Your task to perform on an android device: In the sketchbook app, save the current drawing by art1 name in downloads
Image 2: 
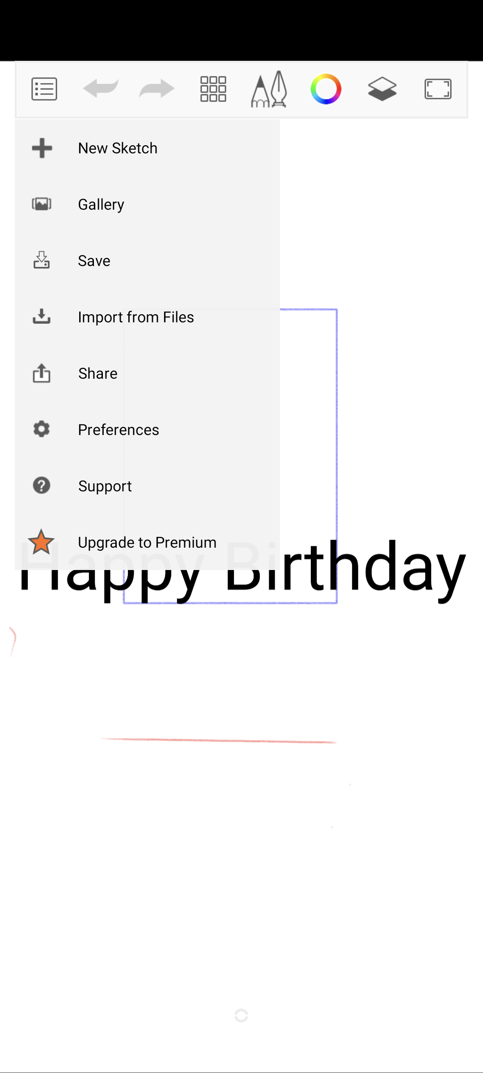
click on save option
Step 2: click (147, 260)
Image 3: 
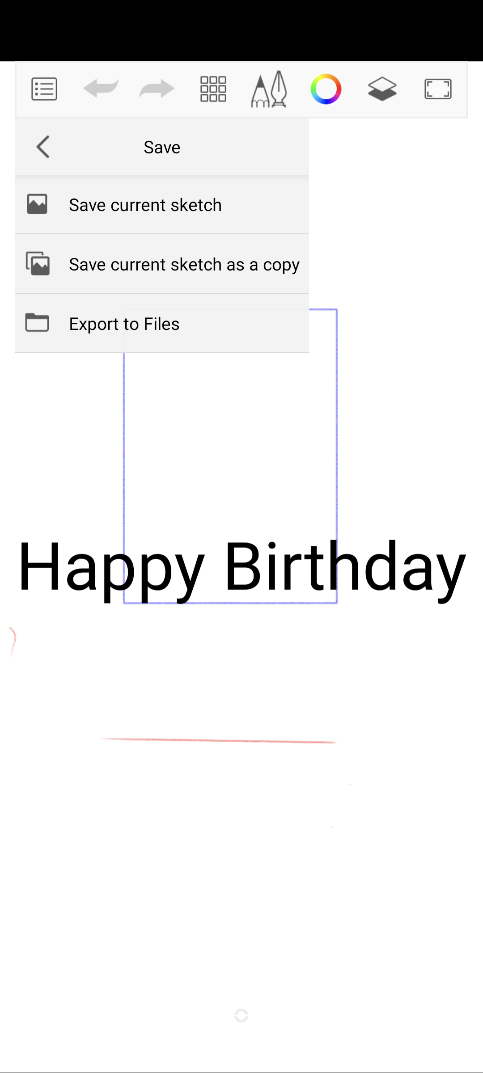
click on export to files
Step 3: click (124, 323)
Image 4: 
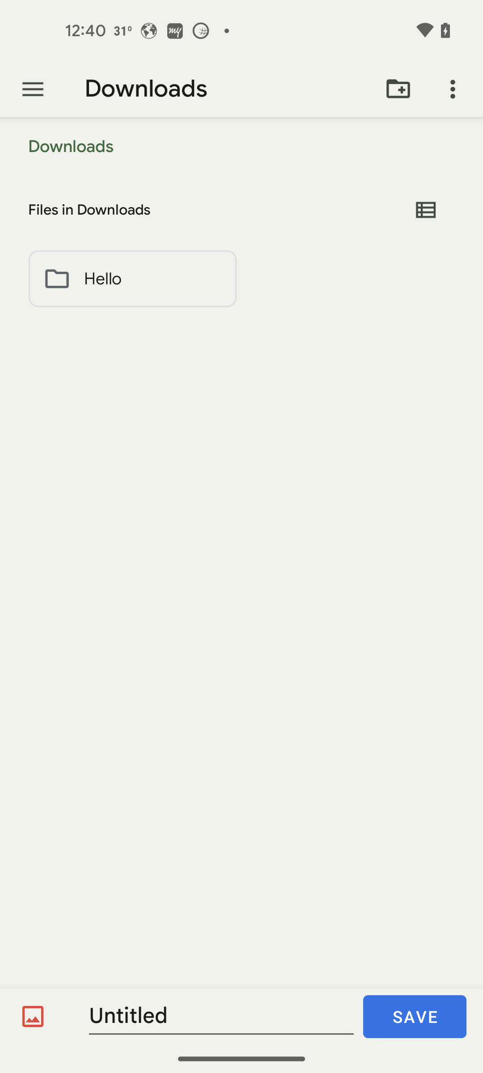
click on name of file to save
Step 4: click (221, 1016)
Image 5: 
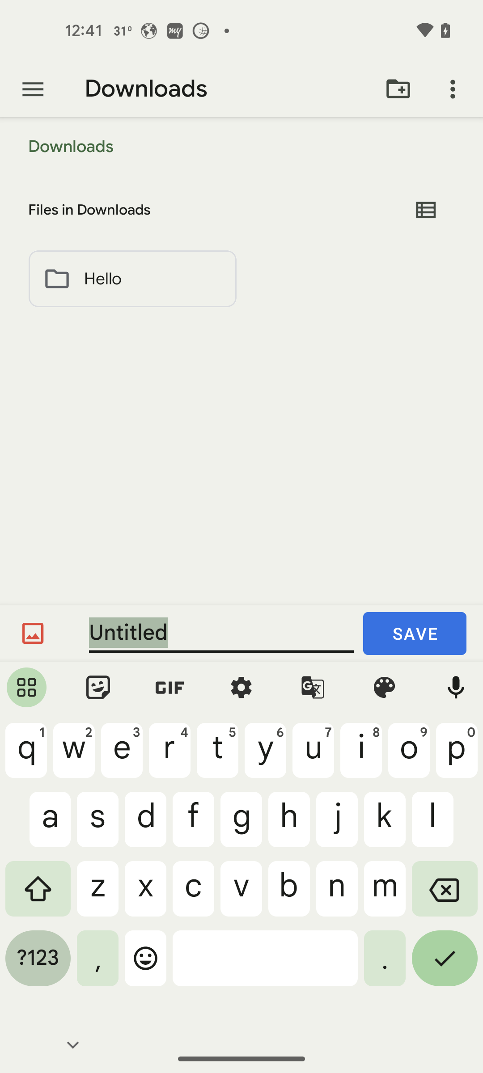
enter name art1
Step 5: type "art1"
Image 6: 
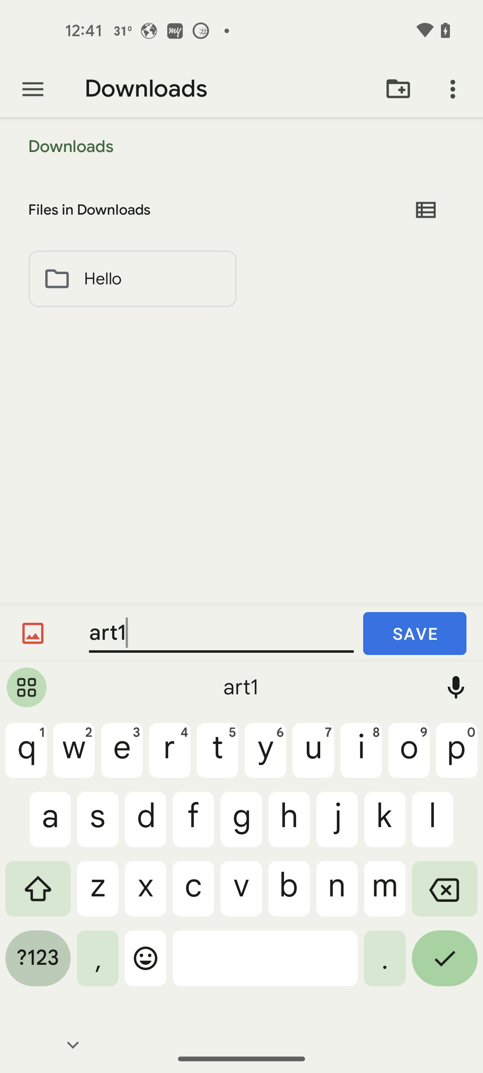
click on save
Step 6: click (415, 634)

---

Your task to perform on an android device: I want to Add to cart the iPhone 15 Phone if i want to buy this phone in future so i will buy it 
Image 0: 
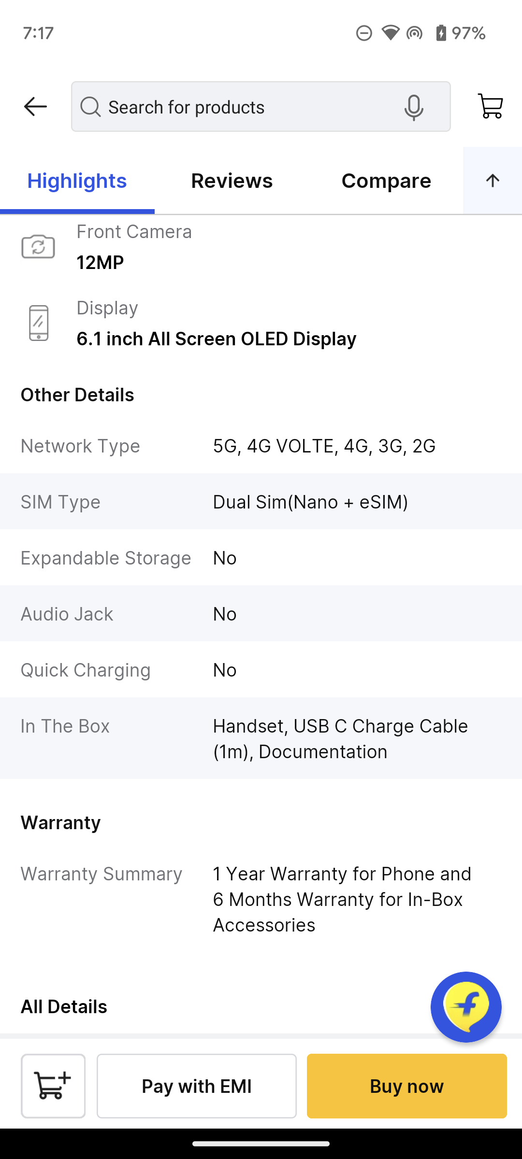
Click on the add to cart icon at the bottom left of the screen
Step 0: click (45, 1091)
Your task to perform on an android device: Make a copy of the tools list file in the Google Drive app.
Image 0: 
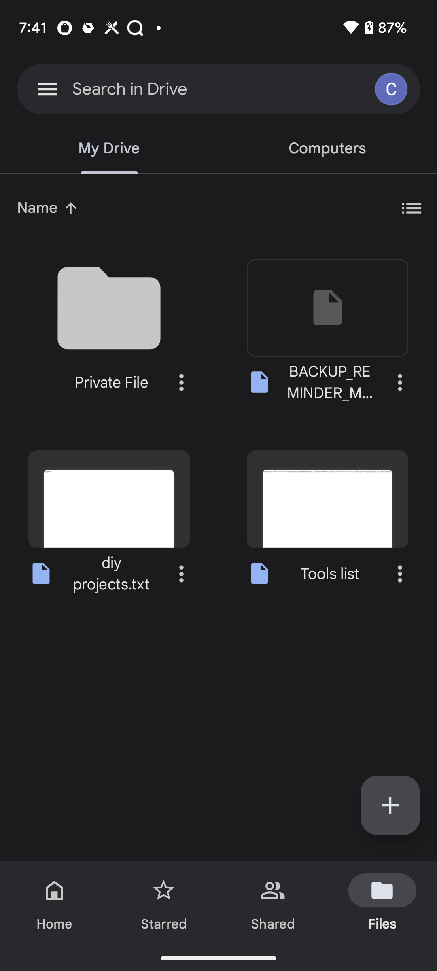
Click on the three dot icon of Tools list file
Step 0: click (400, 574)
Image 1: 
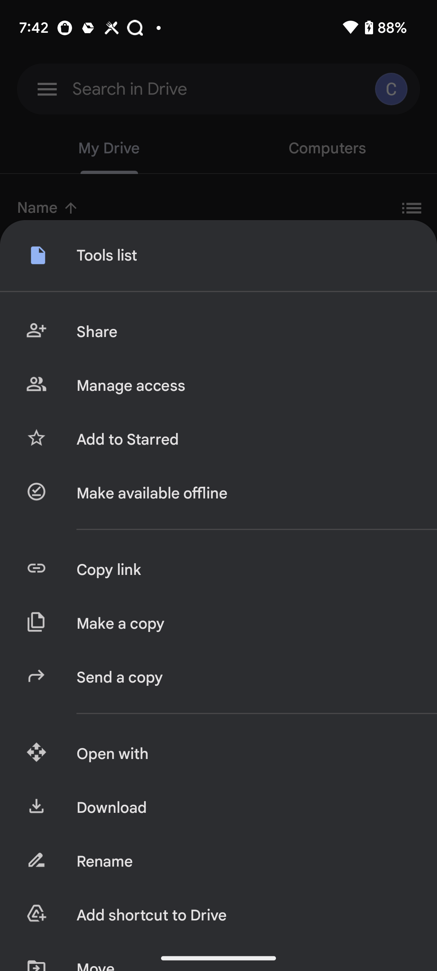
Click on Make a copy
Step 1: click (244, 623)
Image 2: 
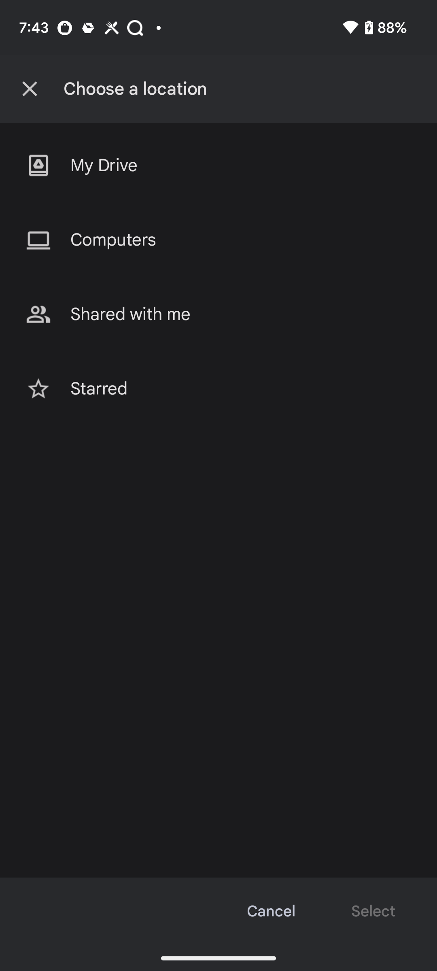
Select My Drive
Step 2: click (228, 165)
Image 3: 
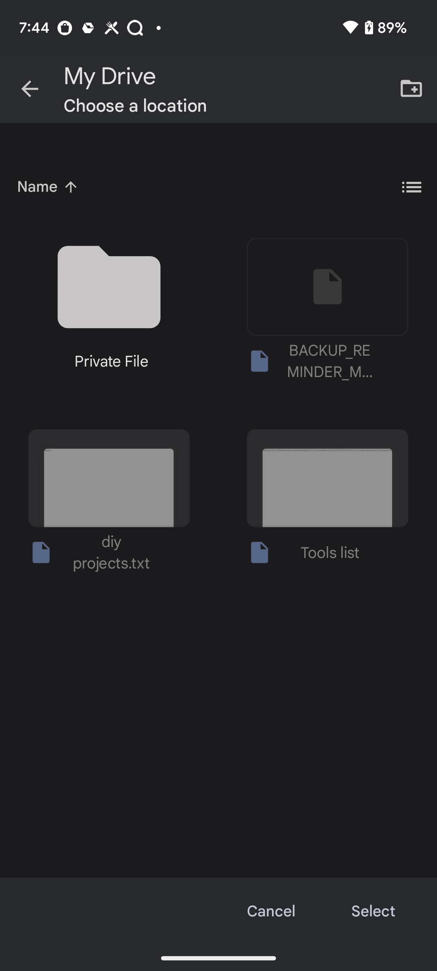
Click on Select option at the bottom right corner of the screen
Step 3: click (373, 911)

● EXERCISE
Write back word for word every line in the entries above from the one with "click on name of file to save" to the one with "Step 6: click (415, 634)", ends included, and none of the pictures.

● ANSWER SPACE
click on name of file to save
Step 4: click (221, 1016)
Image 5: 
enter name art1
Step 5: type "art1"
Image 6: 
click on save
Step 6: click (415, 634)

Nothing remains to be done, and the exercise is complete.